Le nozze tra Rut e Booz segnano il superamento di una barriera: la moabita non solo è una donna che risiede in Israele, che ha il diritto di spigolare, ma anche degna di vivere una maternità che la fa entrare a pieno titolo nella storia del popolo ebraico. Le nozze sono accompagnate da molteplici auguri di fecondità e sono seguite dalla nascita di un maschietto, Obed, che sarà il padre di Iesse e il nonno di Davide. Questo bambino non è solo il frutto di un’unione che restituisce dignità a una donna, Rut, così provata dal lutto, dalla vedovanza e dall’itineranza, ma rappresenta anche la fonte della guarigione di Noemi dalla sua amarezza perché, come dicono le donne, il bambino appare come «consolatore e sostegno della sua vecchiaia» (Rt 4,15). Questo evento che per Noemi rimette in circolo la vita è frutto della misericordia di sua nuora che viene descritta dalle altre donne come colei che ama sua suocera e che vale per lei «più di sette figli» (Rt 4,15).

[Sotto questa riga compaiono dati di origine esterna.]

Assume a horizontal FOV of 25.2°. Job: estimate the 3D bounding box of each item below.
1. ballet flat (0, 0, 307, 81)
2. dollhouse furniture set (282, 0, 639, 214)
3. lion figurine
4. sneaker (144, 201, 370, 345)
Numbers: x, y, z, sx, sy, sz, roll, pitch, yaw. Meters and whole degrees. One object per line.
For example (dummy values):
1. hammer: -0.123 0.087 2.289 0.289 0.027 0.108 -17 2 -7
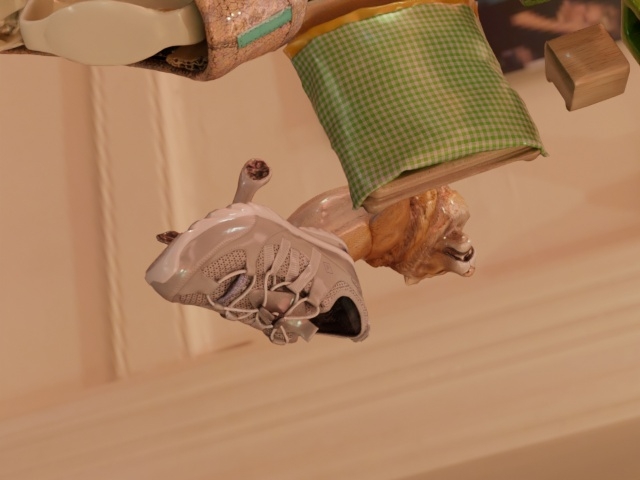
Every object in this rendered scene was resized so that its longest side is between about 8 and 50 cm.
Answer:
1. ballet flat: -0.162 -0.149 0.838 0.106 0.316 0.108 -52 139 -42
2. dollhouse furniture set: 0.129 -0.177 1.101 0.151 0.301 0.198 83 -15 -54
3. lion figurine: 0.000 0.000 1.583 0.240 0.392 0.142 101 -33 -54
4. sneaker: -0.041 0.041 1.338 0.281 0.105 0.115 5 45 -51
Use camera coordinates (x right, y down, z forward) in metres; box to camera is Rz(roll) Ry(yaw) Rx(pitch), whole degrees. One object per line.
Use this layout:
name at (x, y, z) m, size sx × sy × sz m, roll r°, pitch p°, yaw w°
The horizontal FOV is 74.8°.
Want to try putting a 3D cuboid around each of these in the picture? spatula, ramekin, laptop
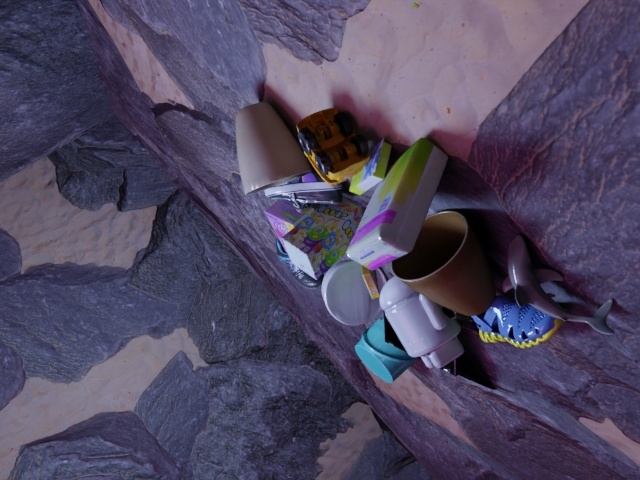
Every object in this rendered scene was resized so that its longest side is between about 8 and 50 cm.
spatula at (-0.008, -0.145, 1.686) m, size 0.084 × 0.030 × 0.296 m, roll 24°, pitch 148°, yaw 42°
ramekin at (0.129, 0.201, 1.714) m, size 0.273 × 0.273 × 0.127 m, roll 55°, pitch 170°, yaw -16°
laptop at (0.469, 0.385, 1.692) m, size 0.382 × 0.236 × 0.408 m, roll 12°, pitch 110°, yaw 56°

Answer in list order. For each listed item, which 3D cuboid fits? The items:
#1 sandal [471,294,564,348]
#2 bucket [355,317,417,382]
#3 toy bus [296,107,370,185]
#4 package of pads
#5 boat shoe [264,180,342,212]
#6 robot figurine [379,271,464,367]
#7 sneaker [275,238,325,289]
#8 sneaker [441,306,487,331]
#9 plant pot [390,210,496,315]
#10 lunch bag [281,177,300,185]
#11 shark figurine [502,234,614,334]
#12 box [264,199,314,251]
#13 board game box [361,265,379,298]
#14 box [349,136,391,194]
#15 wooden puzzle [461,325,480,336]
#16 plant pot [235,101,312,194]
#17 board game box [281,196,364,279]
sandal at (0.522, 0.211, 1.161) m, size 0.138 × 0.126 × 0.317 m, roll 53°, pitch 157°, yaw -1°
bucket at (0.311, 0.527, 2.004) m, size 0.281 × 0.183 × 0.281 m, roll 40°, pitch 157°, yaw 21°
toy bus at (0.037, -0.239, 1.232) m, size 0.220 × 0.149 × 0.211 m, roll 58°, pitch 166°, yaw 27°
package of pads at (0.190, -0.081, 1.064) m, size 0.101 × 0.297 × 0.229 m, roll 29°, pitch 159°, yaw -7°
boat shoe at (-0.062, -0.157, 1.510) m, size 0.306 × 0.113 × 0.105 m, roll -2°, pitch 101°, yaw 20°
robot figurine at (0.334, 0.250, 1.421) m, size 0.353 × 0.199 × 0.300 m, roll 60°, pitch 161°, yaw 12°
sneaker at (-0.112, 0.116, 2.095) m, size 0.341 × 0.125 × 0.140 m, roll 38°, pitch 159°, yaw 26°
sneaker at (0.451, 0.231, 1.323) m, size 0.083 × 0.118 × 0.222 m, roll 13°, pitch 140°, yaw 56°
plant pot at (0.362, 0.090, 1.152) m, size 0.254 × 0.237 × 0.237 m, roll 44°, pitch 162°, yaw -23°
lunch bag at (-0.147, -0.264, 1.680) m, size 0.129 × 0.096 × 0.151 m, roll 38°, pitch 138°, yaw 25°
shark figurine at (0.523, 0.140, 0.990) m, size 0.278 × 0.116 × 0.166 m, roll 45°, pitch 136°, yaw 22°
box at (-0.094, -0.038, 1.790) m, size 0.213 × 0.117 × 0.243 m, roll 26°, pitch 148°, yaw 46°
board game box at (0.173, 0.079, 1.537) m, size 0.259 × 0.039 × 0.124 m, roll -94°, pitch -17°, yaw -53°
box at (0.143, -0.207, 1.189) m, size 0.042 × 0.109 × 0.178 m, roll 19°, pitch 165°, yaw -15°
wooden puzzle at (0.514, 0.309, 1.411) m, size 0.078 × 0.014 × 0.116 m, roll 19°, pitch 174°, yaw 43°
plant pot at (-0.194, -0.332, 1.480) m, size 0.256 × 0.256 × 0.274 m, roll -9°, pitch 102°, yaw 65°
board game box at (0.021, -0.020, 1.508) m, size 0.144 × 0.275 × 0.142 m, roll 30°, pitch 152°, yaw 39°
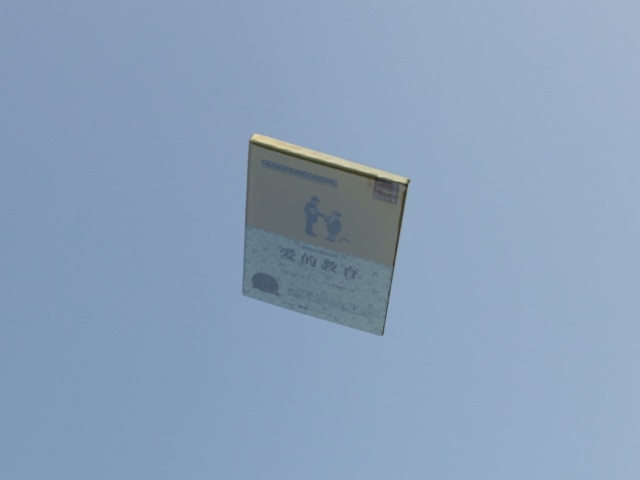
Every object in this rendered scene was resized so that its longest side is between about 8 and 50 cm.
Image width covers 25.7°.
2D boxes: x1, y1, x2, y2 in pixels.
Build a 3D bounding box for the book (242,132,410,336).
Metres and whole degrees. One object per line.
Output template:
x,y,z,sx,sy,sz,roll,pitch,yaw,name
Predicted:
0.000,0.000,1.032,0.172,0.118,0.012,95,-166,-48,book
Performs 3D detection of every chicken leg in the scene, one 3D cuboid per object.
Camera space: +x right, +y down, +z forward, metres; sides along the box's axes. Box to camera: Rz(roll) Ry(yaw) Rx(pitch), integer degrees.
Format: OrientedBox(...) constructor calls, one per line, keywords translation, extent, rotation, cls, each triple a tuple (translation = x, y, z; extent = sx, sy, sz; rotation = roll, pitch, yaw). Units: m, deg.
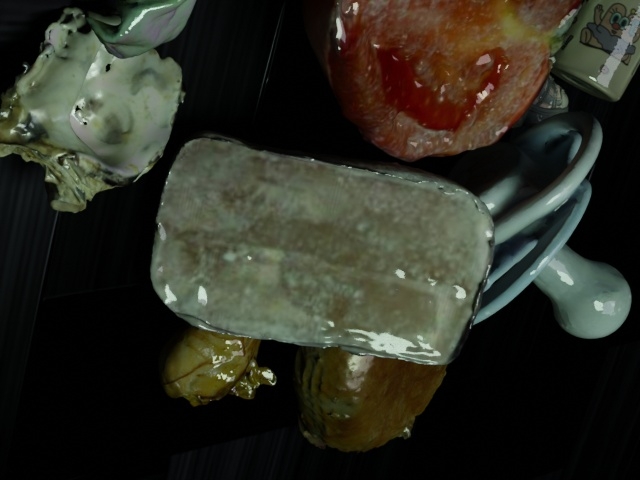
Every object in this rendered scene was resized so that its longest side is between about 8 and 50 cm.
OrientedBox(translation=(-0.066, 0.082, 1.357), extent=(0.207, 0.085, 0.101), rotation=(-46, 107, -25), cls="chicken leg")

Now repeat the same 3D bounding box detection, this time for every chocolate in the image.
OrientedBox(translation=(0.000, 0.000, 1.279), extent=(0.303, 0.100, 0.185), rotation=(10, 115, -10), cls="chocolate")

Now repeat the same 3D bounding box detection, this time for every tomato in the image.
OrientedBox(translation=(0.085, -0.224, 1.242), extent=(0.309, 0.170, 0.309), rotation=(-20, 133, -23), cls="tomato")

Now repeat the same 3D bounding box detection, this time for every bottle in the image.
OrientedBox(translation=(0.328, -0.267, 1.547), extent=(0.110, 0.097, 0.209), rotation=(28, 93, -9), cls="bottle")

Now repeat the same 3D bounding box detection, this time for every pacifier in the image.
OrientedBox(translation=(0.229, 0.004, 1.410), extent=(0.226, 0.287, 0.238), rotation=(42, 109, -16), cls="pacifier")

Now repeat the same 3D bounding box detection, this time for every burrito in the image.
OrientedBox(translation=(-0.121, -0.254, 1.029), extent=(0.089, 0.144, 0.228), rotation=(5, 121, -1), cls="burrito")

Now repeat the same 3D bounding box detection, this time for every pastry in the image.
OrientedBox(translation=(0.059, 0.126, 1.511), extent=(0.218, 0.100, 0.229), rotation=(28, 88, -56), cls="pastry")

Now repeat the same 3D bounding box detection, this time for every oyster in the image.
OrientedBox(translation=(-0.198, -0.104, 1.100), extent=(0.191, 0.081, 0.163), rotation=(3, 86, -50), cls="oyster")

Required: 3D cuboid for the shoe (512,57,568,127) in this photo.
OrientedBox(translation=(0.201, -0.168, 1.485), extent=(0.180, 0.089, 0.092), rotation=(-5, 106, -50), cls="shoe")
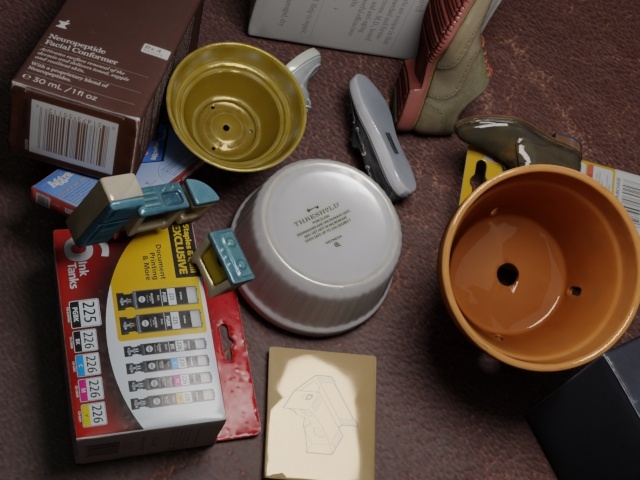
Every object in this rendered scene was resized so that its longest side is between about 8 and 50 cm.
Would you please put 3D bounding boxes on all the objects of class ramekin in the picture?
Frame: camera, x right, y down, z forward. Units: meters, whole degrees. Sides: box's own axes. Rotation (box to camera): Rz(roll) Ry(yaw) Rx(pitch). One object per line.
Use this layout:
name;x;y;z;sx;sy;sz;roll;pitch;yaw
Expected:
ramekin;0.000;0.000;1.675;0.272;0.127;0.273;7;64;-14

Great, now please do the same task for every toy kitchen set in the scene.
toy kitchen set;-0.200;0.000;1.473;0.207;0.122;0.166;-14;73;-41

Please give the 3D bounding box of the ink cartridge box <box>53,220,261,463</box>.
ink cartridge box;-0.230;0.135;1.567;0.271;0.130;0.309;-6;66;-16

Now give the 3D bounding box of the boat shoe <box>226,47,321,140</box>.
boat shoe;-0.061;-0.222;1.814;0.081;0.079;0.227;41;69;1

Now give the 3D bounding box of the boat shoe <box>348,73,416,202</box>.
boat shoe;0.085;-0.162;1.816;0.080;0.076;0.229;-3;66;-56

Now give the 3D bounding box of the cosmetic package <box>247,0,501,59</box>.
cosmetic package;0.100;-0.537;1.856;0.393;0.327;0.329;6;63;-11

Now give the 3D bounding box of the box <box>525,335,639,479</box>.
box;0.501;0.230;1.590;0.294;0.296;0.183;-21;71;-21

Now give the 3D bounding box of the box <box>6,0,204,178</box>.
box;-0.315;-0.270;1.677;0.191;0.143;0.381;16;42;-2

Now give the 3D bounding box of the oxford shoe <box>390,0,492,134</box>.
oxford shoe;0.224;-0.309;1.772;0.130;0.348;0.123;11;50;-13

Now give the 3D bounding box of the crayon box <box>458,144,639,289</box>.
crayon box;0.375;-0.043;1.815;0.322;0.083;0.203;16;62;-6

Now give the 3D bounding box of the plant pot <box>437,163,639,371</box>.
plant pot;0.299;0.045;1.622;0.290;0.203;0.291;1;85;-7

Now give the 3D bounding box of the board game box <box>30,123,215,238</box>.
board game box;-0.289;-0.102;1.646;0.145;0.027;0.281;25;36;13

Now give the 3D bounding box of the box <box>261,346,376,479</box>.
box;-0.001;0.260;1.619;0.164;0.021;0.201;7;64;-9

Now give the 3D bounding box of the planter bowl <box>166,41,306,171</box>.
planter bowl;-0.137;-0.189;1.697;0.217;0.090;0.217;6;69;-16

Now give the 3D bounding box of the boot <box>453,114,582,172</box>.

Una delle madri del Messia
La grandezza di Rut non sta nelle armi della seduzione, ma nella potenza dei suoi atti di ḥesed (amore fedele), atti che contengono un elemento di grazia o generosità oltre il dovere morale, legale o familiare. Questa grandezza le permette di entrare a pieno titolo tra le madri del Messia (cf. Mt 1,5). In uno spazio dedicato agli uomini, come la genealogia, Matteo dà accesso alle donne e, oltre a Maria la madre di Gesù, menziona altre quattro donne: Tamar, che in modo poco ortodosso cerca di avere un figlio per far rispettare la legge del levirato; Racab, la prostituta di Gerico che dà asilo agli esploratori di Israele; Betsabea, moglie prima di Uria l’Hittita e poi di Davide che lo uccide per sposarla, e dalla quale nascerà Salomone; e Rut che, con totale dedizione e in spirito di grande solidarietà, mostra che il cuore della Legge è la prossimità. Maestra in umanità, questa straniera contribuisce all’edificazione del popolo d’Israele (come gli anziani avevano augurato a Booz, cf. Rt 4,11), ma anche del popolo della nuova alleanza. Suo figlio Obed sarà il nonno di Davide, re dalla cui discendenza proviene il Messia, che è il «Signore di tutti» (At 10,36)
Rut ci insegna a guardare alla storia con ampiezza e ci insegna l’arte della custodia delle persone che ci sono accanto, andando al di là delle rassegnazione e delle paure con la forza della fedeltà. Sapremo anche noi, nei nostri contesti multietnici, tessere alleanze fedeli perché la trama della storia si rafforzi grazie a un nuovo fermento di solidarietà e prossimità?